Neonatal chylothorax is a rare and potentially life-threatening condition with a reported incidence of 1 in 5,800 - 24,000 and a high mortality rate of up to 64%. Octreotide is one of the treatment options available to reduce both the splanchnic blood flow and the intestinal secretion of electrolytes and water. However, there is no uniform guideline for the optimal dosage of octreotide in the treatment of congenital chylothorax.

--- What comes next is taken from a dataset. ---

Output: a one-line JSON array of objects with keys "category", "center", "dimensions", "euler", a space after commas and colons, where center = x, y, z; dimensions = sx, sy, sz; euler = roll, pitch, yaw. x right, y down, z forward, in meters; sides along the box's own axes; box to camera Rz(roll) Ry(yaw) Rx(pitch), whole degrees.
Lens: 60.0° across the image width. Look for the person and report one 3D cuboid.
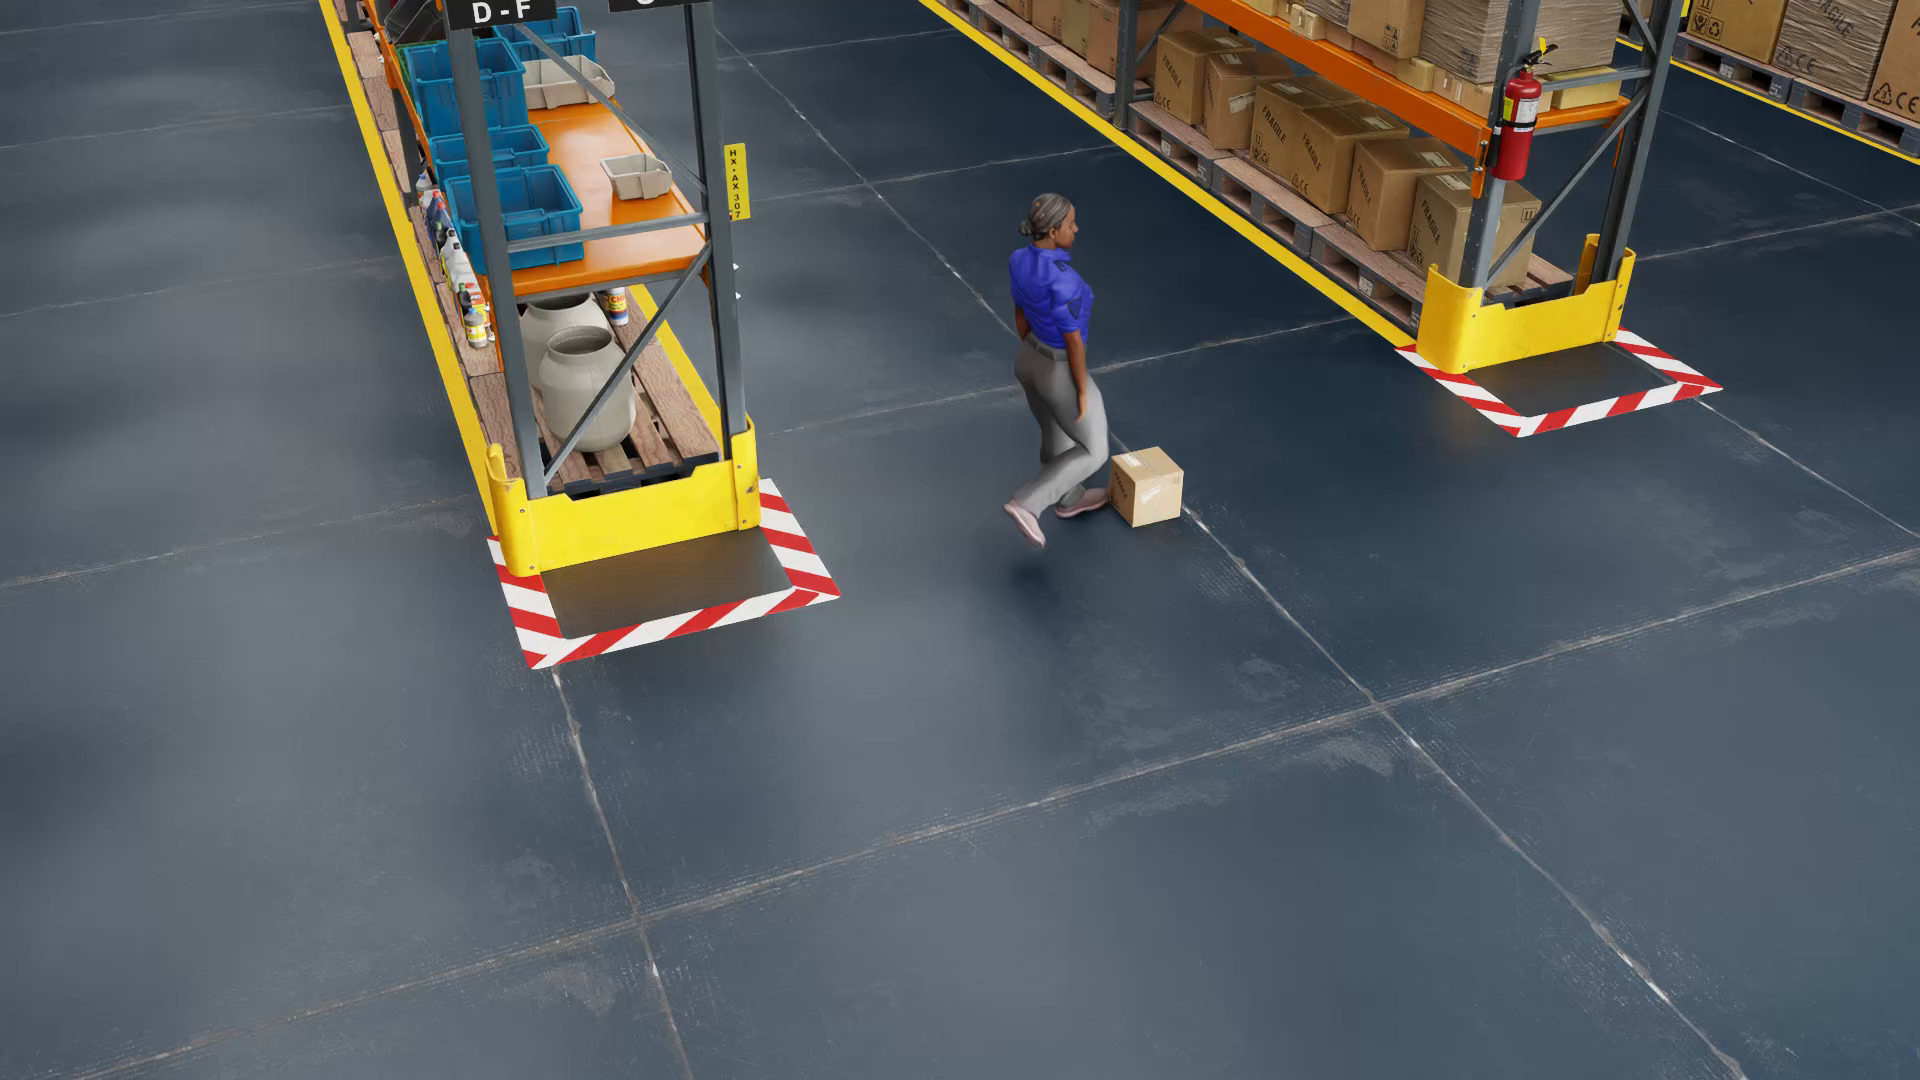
[{"category": "person", "center": [0.411, -0.719, 7.291], "dimensions": [0.394, 1.600, 0.461], "euler": [-12, 36, -18]}]

We present the case of a neonate diagnosed with congenital chylothorax. At birth, the neonate manifested severe respiratory distress warranting cardiopulmonary resuscitation for 25 min. During admission, intravenous octreotide treatment was initiated and feeding was changed from breast milk to a medium-chain triglyceride-enriched formula. Bilateral hilar enlargement and diffusely increased opacities waxed and waned, and we gradually increased the octreotide dosage daily by 1 ~ 2 mcg/kg/h. After 3 days of octreotide administration at the rate of 20 mcg/kg/h, chest x-ray showed regression of pleural effusion. The patient was discharged with full bottle feeding achieved.

High-dose octreotide therapy (with doses up to 20 mcg/kg/h) may be recommended for patients with idiopathic congenital chylothorax. However, patients should be carefully monitored for side-effects such as hyperglycemia, necrotizing enterocolitis, transient hypothyroidism, and ileus.